Protein found in humans

Succinate dehydrogenase complex subunit C, also known as succinate dehydrogenase cytochrome b560 subunit, mitochondrial, is a protein that in humans is encoded by the SDHC gene. This gene encodes one of four nuclear-encoded subunits that comprise succinate dehydrogenase, also known as mitochondrial complex II, a key enzyme complex of the tricarboxylic acid cycle and aerobic respiratory chains of mitochondria. The encoded protein is one of two integral membrane proteins that anchor other subunits of the complex, which form the catalytic core, to the inner mitochondrial membrane. There are several related pseudogenes for this gene on different chromosomes. Mutations in this gene have been associated with pheochromocytomas and paragangliomas. Alternatively spliced transcript variants have been described.

== Structure ==
The gene that codes for the SDHC protein is nuclear, even though the protein is located in the inner membrane of the mitochondria. The location of the gene in humans is on the first chromosome at q21. The gene is partitioned in six exons. The SDHC gene produces an 18.6 kDa protein composed of 169 amino acids.
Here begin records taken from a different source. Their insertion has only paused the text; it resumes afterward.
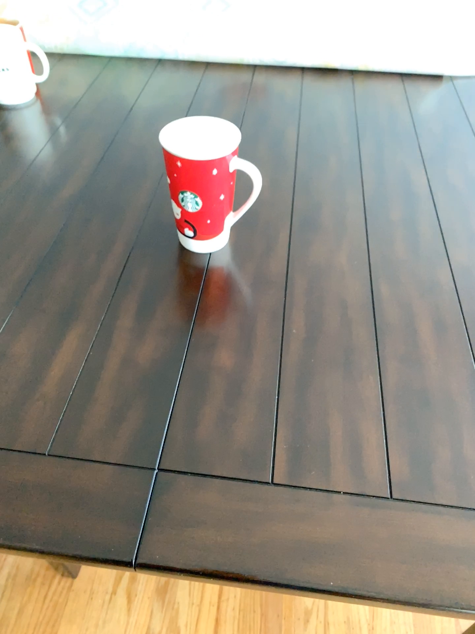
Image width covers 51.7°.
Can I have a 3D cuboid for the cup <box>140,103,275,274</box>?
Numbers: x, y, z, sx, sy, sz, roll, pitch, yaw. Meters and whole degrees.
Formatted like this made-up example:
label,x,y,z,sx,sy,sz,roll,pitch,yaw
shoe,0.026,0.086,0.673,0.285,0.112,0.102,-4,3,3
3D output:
label,x,y,z,sx,sy,sz,roll,pitch,yaw
cup,-0.033,-0.148,0.578,0.120,0.149,0.080,20,50,14
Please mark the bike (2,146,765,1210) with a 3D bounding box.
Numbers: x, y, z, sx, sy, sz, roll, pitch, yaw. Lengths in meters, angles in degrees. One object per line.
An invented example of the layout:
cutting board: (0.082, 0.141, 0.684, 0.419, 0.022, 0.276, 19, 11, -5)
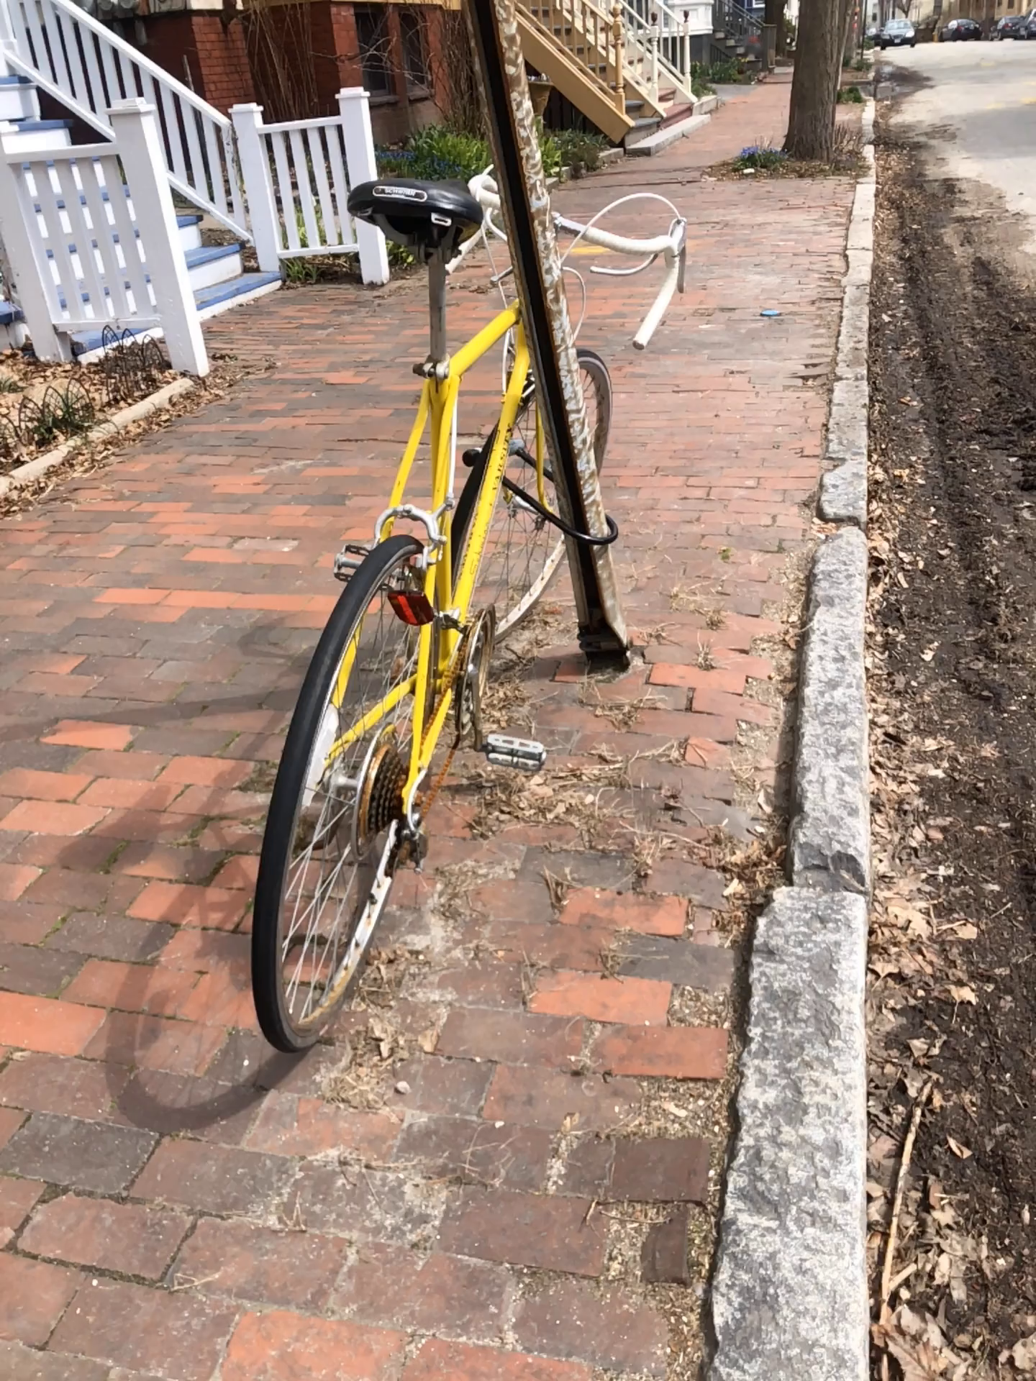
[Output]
bike: (0.041, -0.258, 1.865, 0.523, 0.855, 1.713, 4, 34, 17)
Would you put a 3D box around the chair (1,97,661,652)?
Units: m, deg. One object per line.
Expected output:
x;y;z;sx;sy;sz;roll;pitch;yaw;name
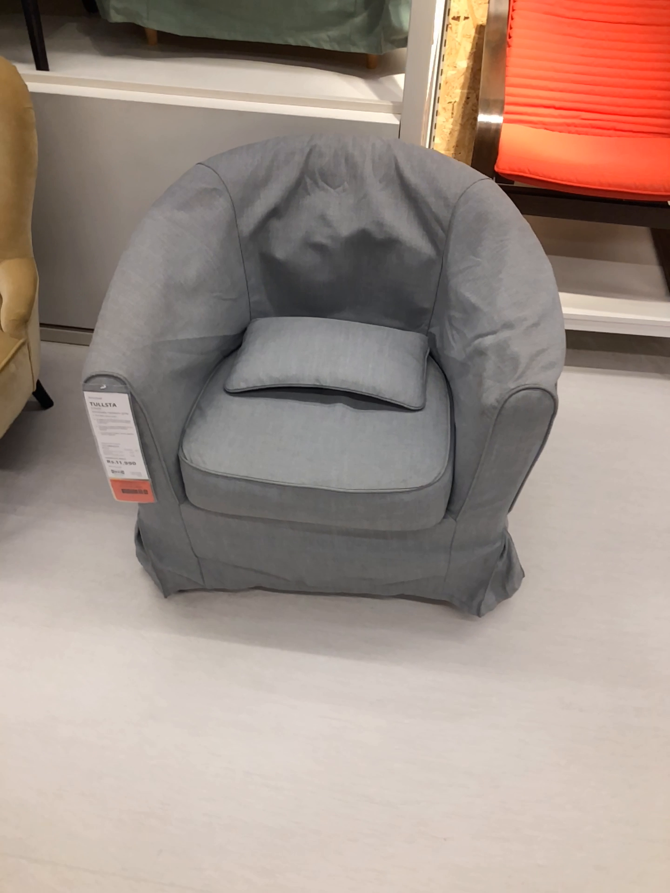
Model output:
0.009;-0.142;1.501;0.870;0.795;0.725;4;46;3;chair
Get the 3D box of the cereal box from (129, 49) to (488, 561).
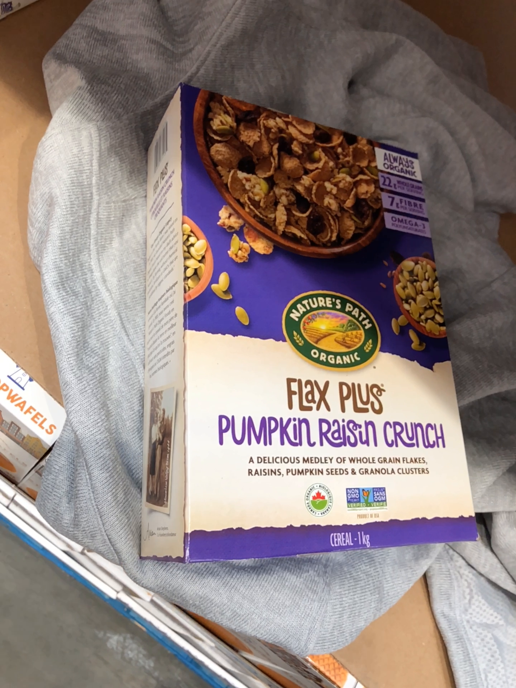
[{"bbox_3d":[0.027,-0.020,0.409,0.211,0.090,0.310,6,70,-26],"label":"cereal box"}]

The SDHC protein is one of the two transmembrane subunits of the four-subunit succinate dehydrogenase (Complex II) protein complex that resides in the inner mitochondrial membrane. The other transmembrane subunit is SDHD. The SDHC/SDHD dimer is connected to the SDHB electron transport subunit which, in turn, is connected to the SDHA subunit.

== Function ==

The SDHC protein is one of four nuclear-encoded subunits that comprise succinate dehydrogenase, also known as Complex II of the electron transport chain, a key enzyme complex of the citric acid cycle and aerobic respiratory chains of mitochondria. The encoded protein is one of two integral membrane proteins that anchor other subunits of the complex, which form the catalytic core, to the inner mitochondrial membrane.
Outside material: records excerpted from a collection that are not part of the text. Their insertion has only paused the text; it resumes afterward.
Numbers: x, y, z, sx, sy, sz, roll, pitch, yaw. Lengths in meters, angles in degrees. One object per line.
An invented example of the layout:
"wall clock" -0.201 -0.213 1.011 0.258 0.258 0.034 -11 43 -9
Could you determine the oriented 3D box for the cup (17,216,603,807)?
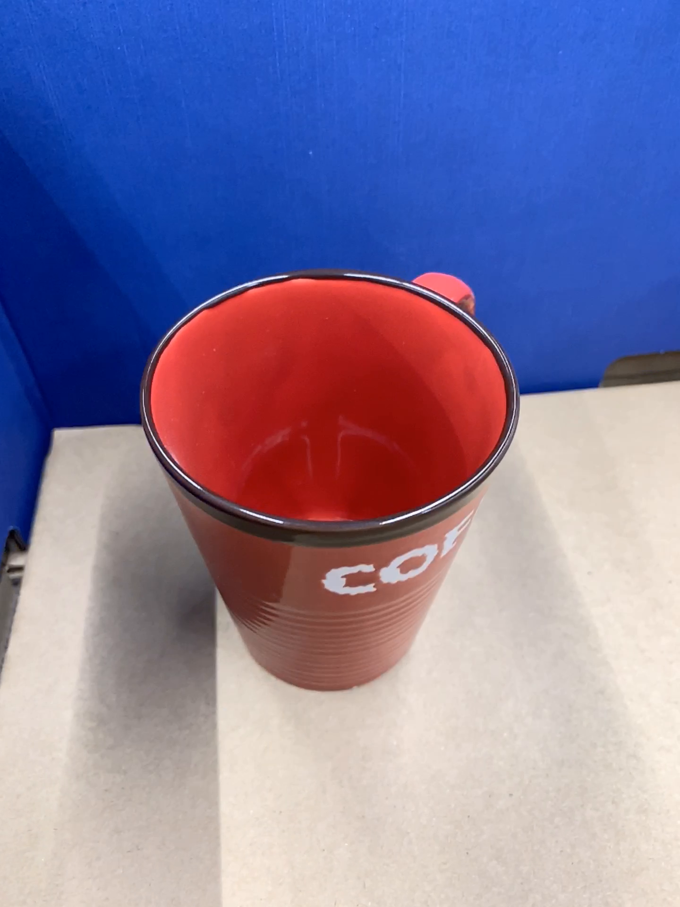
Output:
"cup" 0.000 0.008 0.219 0.100 0.092 0.125 24 51 23
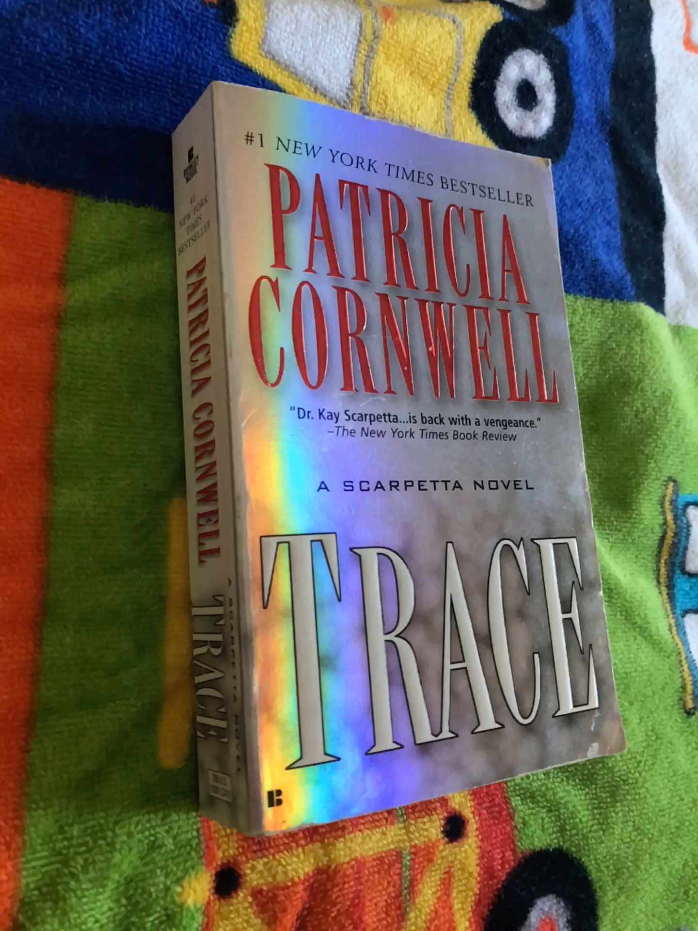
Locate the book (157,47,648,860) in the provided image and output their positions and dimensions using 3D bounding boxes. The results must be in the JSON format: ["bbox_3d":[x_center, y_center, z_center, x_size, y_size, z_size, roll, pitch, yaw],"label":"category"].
[{"bbox_3d":[0.015,-0.006,0.218,0.120,0.040,0.180,1,79,-32],"label":"book"}]
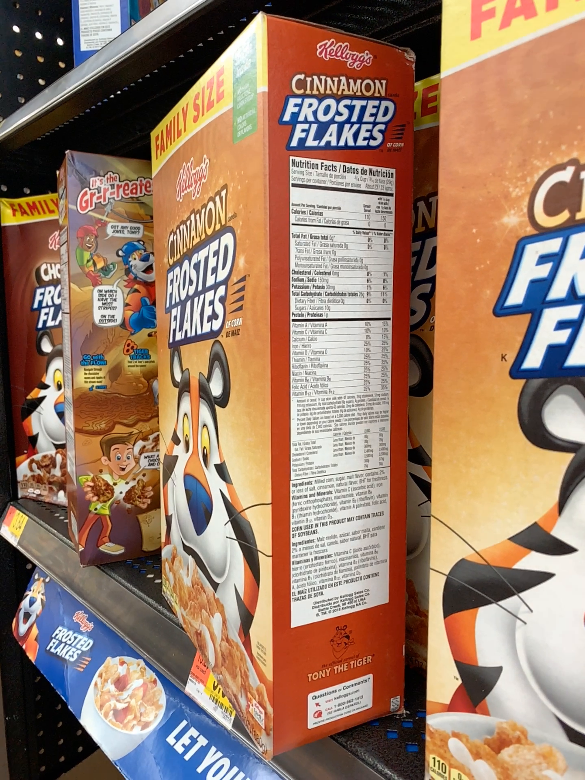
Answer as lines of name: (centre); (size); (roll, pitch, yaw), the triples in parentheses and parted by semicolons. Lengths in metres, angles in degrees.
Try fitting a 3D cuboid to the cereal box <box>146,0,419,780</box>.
cereal box: (-0.021, 0.002, 0.357); (0.080, 0.340, 0.200); (-3, 5, -25)
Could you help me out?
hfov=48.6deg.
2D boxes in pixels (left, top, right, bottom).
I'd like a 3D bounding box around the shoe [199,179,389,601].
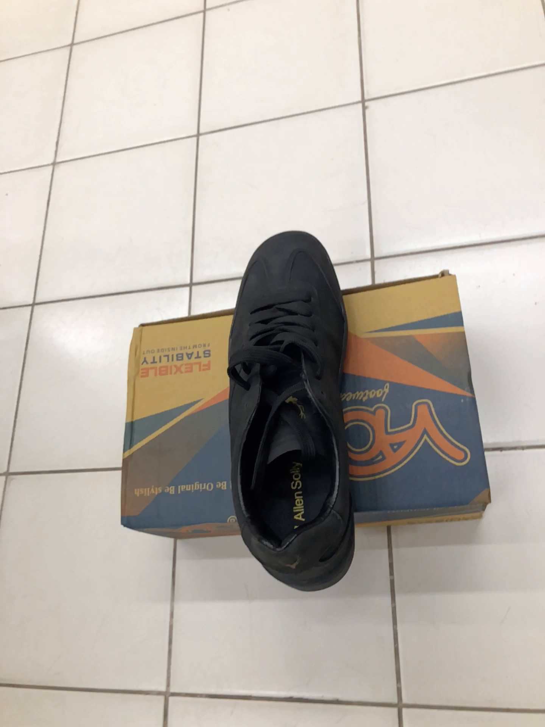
[{"bbox_3d":[0.012,0.016,0.409,0.090,0.080,0.261,-10,69,13],"label":"shoe"}]
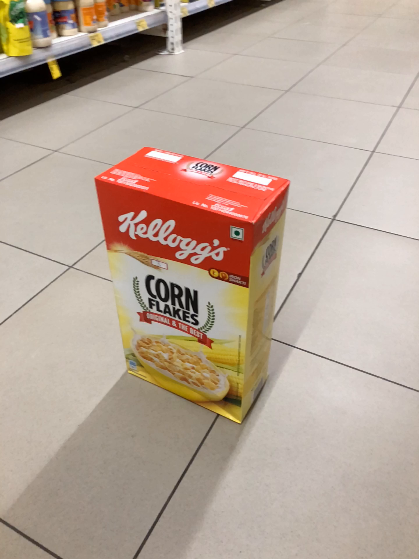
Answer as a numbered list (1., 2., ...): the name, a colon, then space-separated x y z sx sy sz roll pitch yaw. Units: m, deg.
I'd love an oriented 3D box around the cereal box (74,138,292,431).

SDHC forms part of the transmembrane protein dimer with SDHD that anchors Complex II to the inner mitochondrial membrane. The SDHC/SDHD dimer provides binding sites for ubiquinone and water during electron transport at Complex II. Initially, SDHA oxidizes succinate via deprotonation at the FAD binding site, forming FADH_{2} and leaving fumarate, loosely bound to the active site, free to exit the protein. The electrons derived from succinate tunnel along the [Fe-S] relay in the SDHB subunit until they reach the [3Fe-4S] iron sulfur cluster. The electrons are then transferred to an awaiting ubiquinone molecule at the Q pool active site in the SDHC/SDHD dimer. The O1 carbonyl oxygen of ubiquinone is oriented at the active site (image 4) by hydrogen bond interactions with Tyr83 of SDHD. The presence of electrons in the [3Fe-4S] iron sulphur cluster induces the movement of ubiquinone into a second orientation. This facilitates a second hydrogen bond interaction between the O4 carbonyl group of ubiquinone and Ser27 of SDHC. Following the first single electron reduction step, a semiquinone radical species is formed. The second electron arrives from the [3Fe-4S] cluster to provide full reduction of the ubiquinone to ubiquinol.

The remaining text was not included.